Task.
For every line of the records below that holds "cannot", add one. Give only the final total.

Content starts

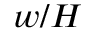Convert formula to latex. <formula><loc_0><loc_0><loc_500><loc_500>w / H</formula> 
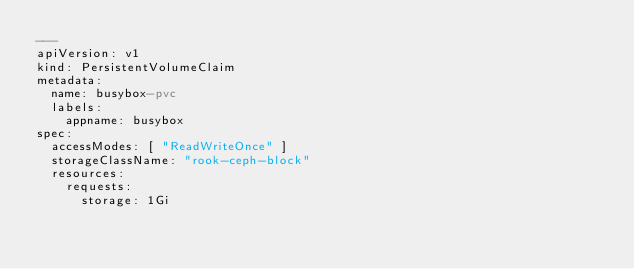<code> <loc_0><loc_0><loc_500><loc_500><_YAML_>---
apiVersion: v1
kind: PersistentVolumeClaim
metadata:
  name: busybox-pvc
  labels:
    appname: busybox
spec:
  accessModes: [ "ReadWriteOnce" ]
  storageClassName: "rook-ceph-block"
  resources:
    requests:
      storage: 1Gi
</code> 
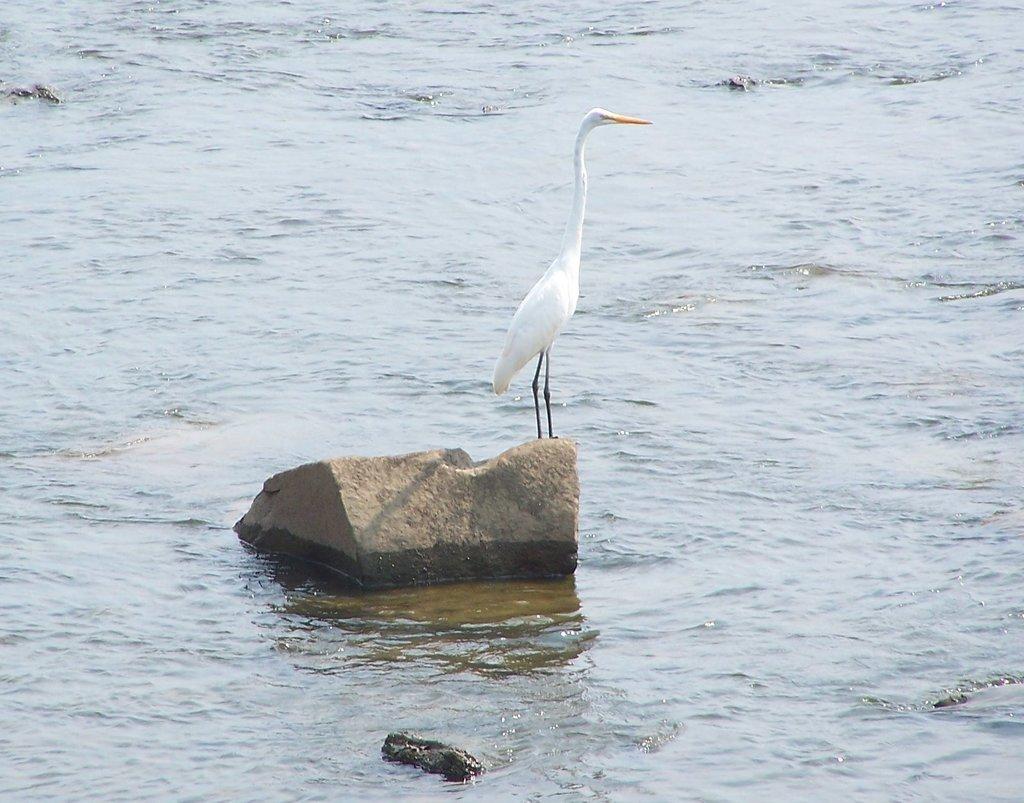How would you summarize this image in a sentence or two? In this image we can see a water body. We can also see a crane on the rock. 
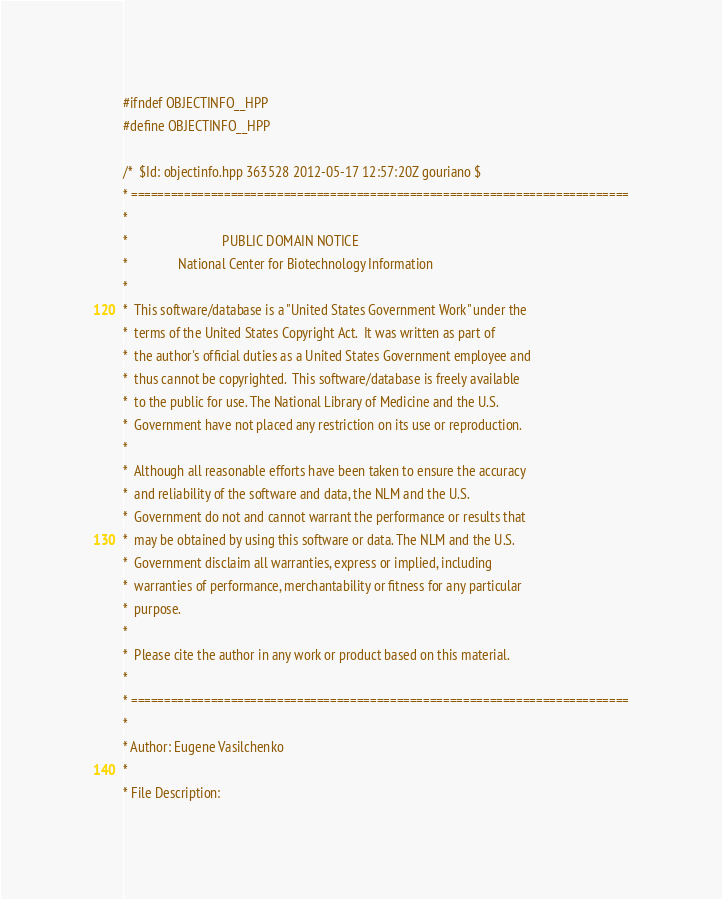Convert code to text. <code><loc_0><loc_0><loc_500><loc_500><_C++_>#ifndef OBJECTINFO__HPP
#define OBJECTINFO__HPP

/*  $Id: objectinfo.hpp 363528 2012-05-17 12:57:20Z gouriano $
* ===========================================================================
*
*                            PUBLIC DOMAIN NOTICE
*               National Center for Biotechnology Information
*
*  This software/database is a "United States Government Work" under the
*  terms of the United States Copyright Act.  It was written as part of
*  the author's official duties as a United States Government employee and
*  thus cannot be copyrighted.  This software/database is freely available
*  to the public for use. The National Library of Medicine and the U.S.
*  Government have not placed any restriction on its use or reproduction.
*
*  Although all reasonable efforts have been taken to ensure the accuracy
*  and reliability of the software and data, the NLM and the U.S.
*  Government do not and cannot warrant the performance or results that
*  may be obtained by using this software or data. The NLM and the U.S.
*  Government disclaim all warranties, express or implied, including
*  warranties of performance, merchantability or fitness for any particular
*  purpose.
*
*  Please cite the author in any work or product based on this material.
*
* ===========================================================================
*
* Author: Eugene Vasilchenko
*
* File Description:</code> 
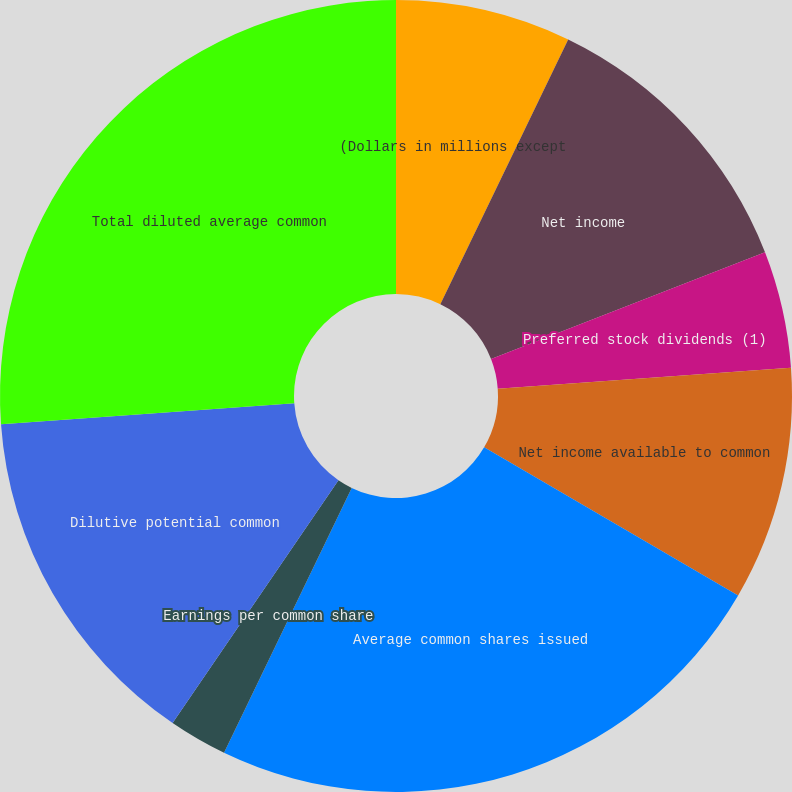Convert chart. <chart><loc_0><loc_0><loc_500><loc_500><pie_chart><fcel>(Dollars in millions except<fcel>Net income<fcel>Preferred stock dividends (1)<fcel>Net income available to common<fcel>Average common shares issued<fcel>Earnings per common share<fcel>Dilutive potential common<fcel>Total diluted average common<fcel>Diluted earnings per common<nl><fcel>7.16%<fcel>11.93%<fcel>4.77%<fcel>9.54%<fcel>23.75%<fcel>2.39%<fcel>14.32%<fcel>26.14%<fcel>0.0%<nl></chart>

Content ends

Your solution.
2